Great news!  Puma Biotechnology received U.S. FDA approval for Neratinib to Treat HER2-Positive Metastatic Breast Cancer.  The sNDA approval was based on results of the Phase III NALA trial, a randomized controlled trial of neratinib plus capecitabine in patients with HER2-positive metastatic breast cancer who have received two or more prior anti-HER2-based regimens.

Adam M. Brufsky, MD, Ph.D., of Magee-Womens Hospital and the Hillman Cancer Center at the University of Pittsburgh Medical Center, added, “Together with the NALA investigators around the world, I am pleased to see the FDA approval of Neratinib for the treatment of advanced HER2-positive metastatic breast cancer. This approval is based on data from the NALA trial, which we presented at ASCO last year, demonstrating that neratinib in combination with capecitabine offers a significant improvement over currently available therapies in this heavily pretreated patient population and can be added to Neratinib’s established role in the treatment of early breast cancer.”
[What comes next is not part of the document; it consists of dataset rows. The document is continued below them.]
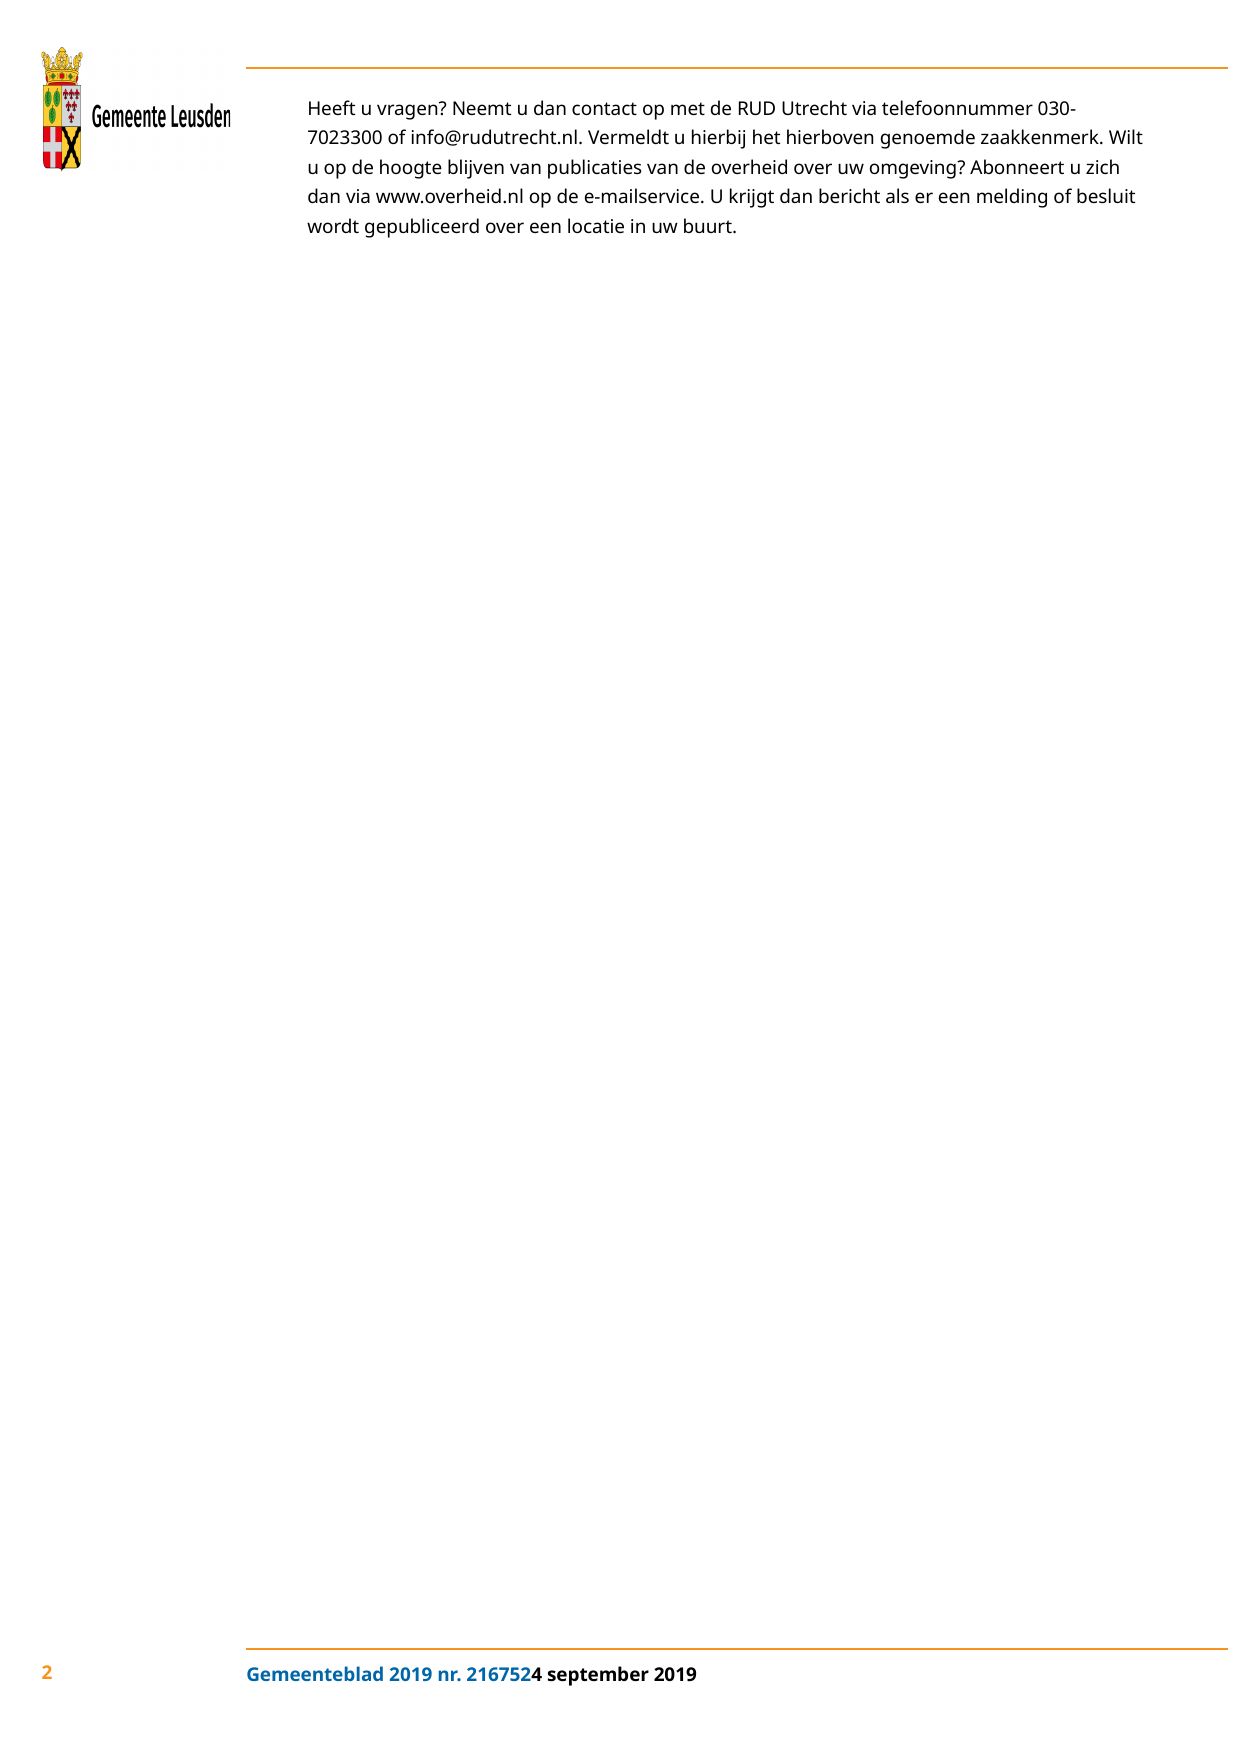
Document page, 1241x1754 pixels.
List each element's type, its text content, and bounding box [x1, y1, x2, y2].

list Heeft u vragen? Neemt u dan contact op met de RUD Utrecht via telefoonnummer 030-7023300 of info@rudutrecht.nl. Vermeldt u hierbij het hierboven genoemde zaakkenmerk. Wilt u op de hoogte blijven van publicaties van de overheid over uw omgeving? Abonneert u zich dan via www.overheid.nl op de e-mailservice. U krijgt dan bericht als er een melding of besluit wordt gepubliceerd over een locatie in uw buurt. [248, 95, 1152, 239]
picture [41, 47, 231, 172]
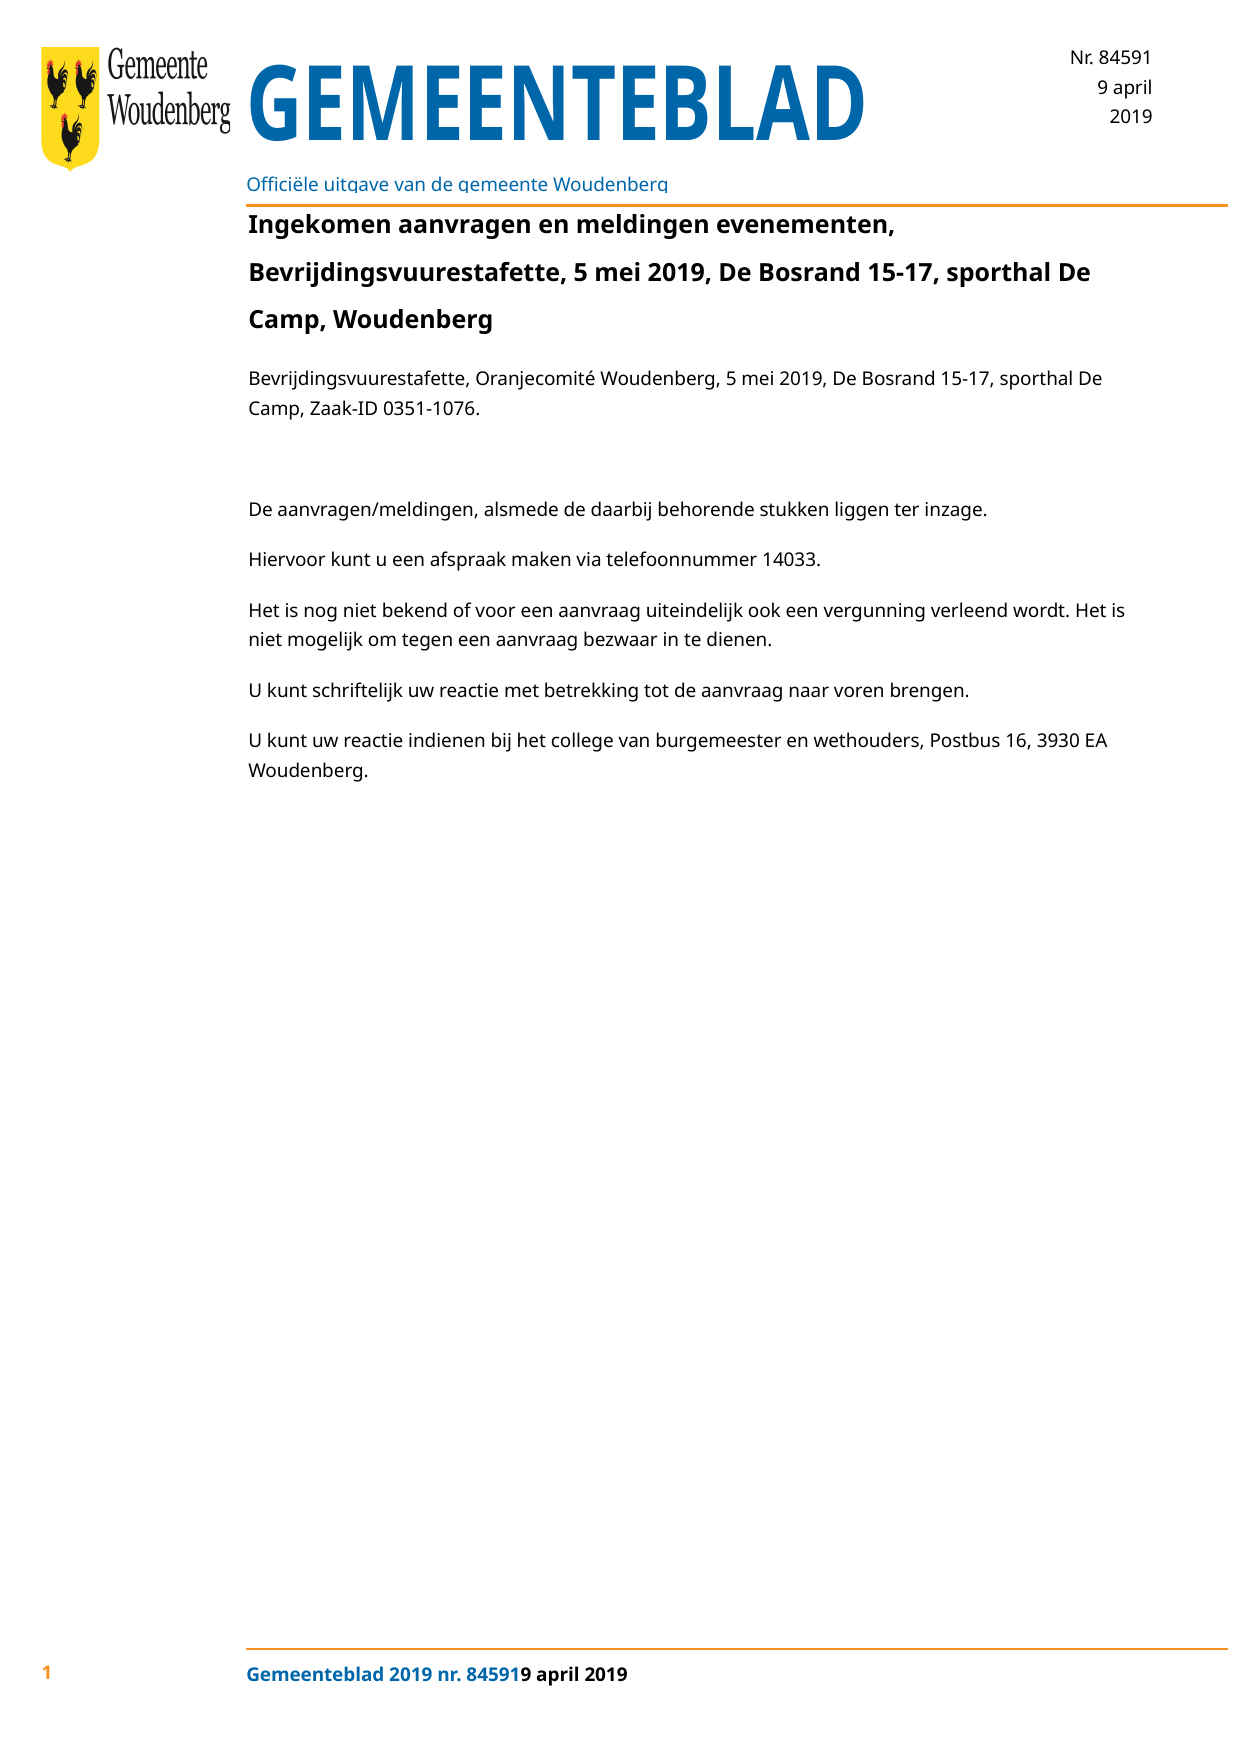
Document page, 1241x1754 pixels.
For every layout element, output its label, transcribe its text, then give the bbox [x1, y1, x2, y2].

Neratinib is approved for the extended adjuvant treatment of adult patients with early stage HER2-positive breast cancer, following adjuvant trastuzumab-based therapy. In Europe, Neratinib is approved for the extended adjuvant treatment of adult patients with early stage hormone receptor-positive HER2-overexpressed/amplified breast cancer and who are less than one year from completion of prior adjuvant trastuzumab-based therapy.  Neratinib has also received approval for use in the extended adjuvant setting in Canada, Australia, Hong Kong, Singapore, Argentina and Switzerland.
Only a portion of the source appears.